(Beginning of Collected material)

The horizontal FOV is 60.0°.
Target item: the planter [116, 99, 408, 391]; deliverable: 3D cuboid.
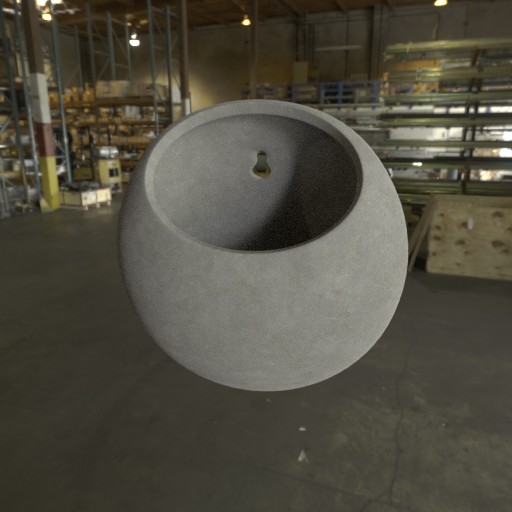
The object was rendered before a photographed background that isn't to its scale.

(End of Collected material)

Your goal:
Copy the listing above word for word. Do not include the pictures.

Written reply:
The horizontal FOV is 60.0°.
Target item: the planter [116, 99, 408, 391]; deliverable: 3D cuboid.
The object was rendered before a photographed background that isn't to its scale.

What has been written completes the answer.